A lot of information, but taking vitamin B12 is not witchcraft.

So here again the most important thing summarized:

  • The effect of vitamin B12 creams is controversial, injections can have problematic side effects. Dietary supplements are effective and safe.
    Pay attention to the ingredients(hydroxocobalamin, adenosylcobalamin and methlycobalamin)and design (vegan or not) of the preparations. Liposomal capsules have a better absorption rate.
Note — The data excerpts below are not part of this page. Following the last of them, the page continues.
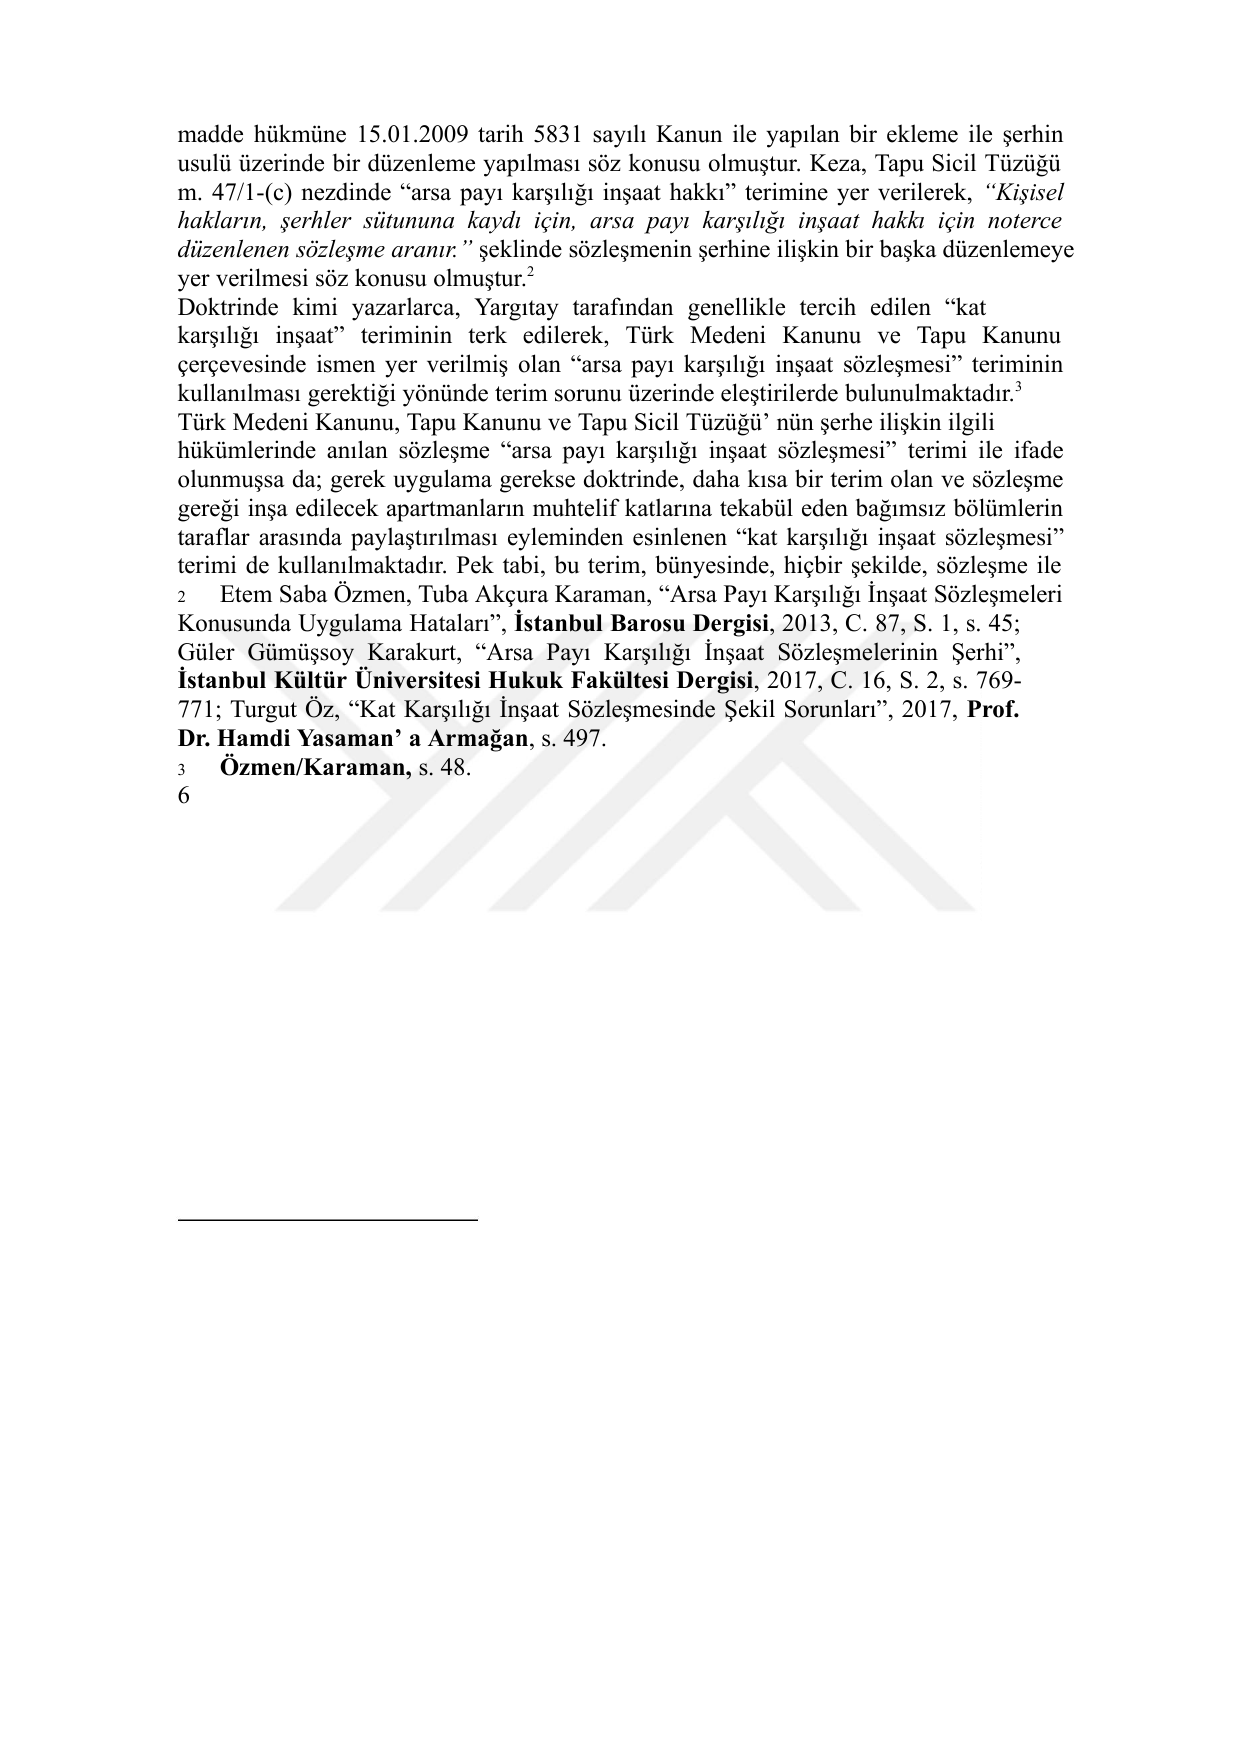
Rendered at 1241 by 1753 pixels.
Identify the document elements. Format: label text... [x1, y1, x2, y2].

text m. 47/1-(c) nezdinde “arsa payı karşılığı inşaat hakkı” terimine yer verilerek, “Kişisel [177, 177, 1230, 206]
picture [206, 809, 982, 921]
text Türk Medeni Kanunu, Tapu Kanunu ve Tapu Sicil Tüzüğü’ nün şerhe ilişkin ilgili [177, 407, 1230, 436]
text 6 [177, 781, 1230, 809]
text İstanbul Kültür Üniversitesi Hukuk Fakültesi Dergisi, 2017, C. 16, S. 2, s. 769- [177, 666, 1230, 694]
text usulü üzerinde bir düzenleme yapılması söz konusu olmuştur. Keza, Tapu Sicil Tüzüğü [177, 148, 1230, 177]
text terimi de kullanılmaktadır. Pek tabi, bu terim, bünyesinde, hiçbir şekilde, sözleşme ile [177, 551, 1230, 579]
text olunmuşsa da; gerek uygulama gerekse doktrinde, daha kısa bir terim olan ve sözleşme [177, 464, 1230, 493]
text hükümlerinde anılan sözleşme “arsa payı karşılığı inşaat sözleşmesi” terimi ile ifade [177, 436, 1230, 464]
text taraflar arasında paylaştırılması eyleminden esinlenen “kat karşılığı inşaat sözleşmesi” [177, 522, 1230, 551]
text düzenlenen sözleşme aranır.” şeklinde sözleşmenin şerhine ilişkin bir başka düzenlemeye [177, 234, 1230, 263]
text Konusunda Uygulama Hataları”, İstanbul Barosu Dergisi, 2013, C. 87, S. 1, s. 45; [177, 608, 1230, 637]
text 3 Özmen/Karaman, s. 48. [177, 752, 1230, 781]
text yer verilmesi söz konusu olmuştur.2 [177, 263, 1230, 292]
text çerçevesinde ismen yer verilmiş olan “arsa payı karşılığı inşaat sözleşmesi” teriminin [177, 349, 1230, 378]
text hakların, şerhler sütununa kaydı için, arsa payı karşılığı inşaat hakkı için noterce [177, 206, 1230, 234]
text 2 Etem Saba Özmen, Tuba Akçura Karaman, “Arsa Payı Karşılığı İnşaat Sözleşmeleri [177, 579, 1230, 608]
text karşılığı inşaat” teriminin terk edilerek, Türk Medeni Kanunu ve Tapu Kanunu [177, 321, 1230, 349]
text gereği inşa edilecek apartmanların muhtelif katlarına tekabül eden bağımsız bölümlerin [177, 493, 1230, 522]
text 771; Turgut Öz, “Kat Karşılığı İnşaat Sözleşmesinde Şekil Sorunları”, 2017, Prof. [177, 694, 1230, 723]
text Güler Gümüşsoy Karakurt, “Arsa Payı Karşılığı İnşaat Sözleşmelerinin Şerhi”, [177, 637, 1230, 666]
text Doktrinde kimi yazarlarca, Yargıtay tarafından genellikle tercih edilen “kat [177, 292, 1230, 321]
text Dr. Hamdi Yasaman’ a Armağan, s. 497. [177, 723, 1230, 752]
picture [175, 1216, 480, 1223]
text kullanılması gerektiği yönünde terim sorunu üzerinde eleştirilerde bulunulmaktadır.3 [177, 378, 1230, 407]
text madde hükmüne 15.01.2009 tarih 5831 sayılı Kanun ile yapılan bir ekleme ile şerhin [177, 119, 1230, 148]

  • Take vitamin B12 in the morning before or with breakfast.
  • An overdose does not occur in a healthy body, but you should adjust the dose to your needs.
  • Vitamin B12 may be less effective in conjunction with other substances/medications.
  • The duration of the intake depends on your goal. Do you want to prevent, compensate for a deficiency or support your meatless diet? Listen to your body – in case of doubt, medical advice will help you.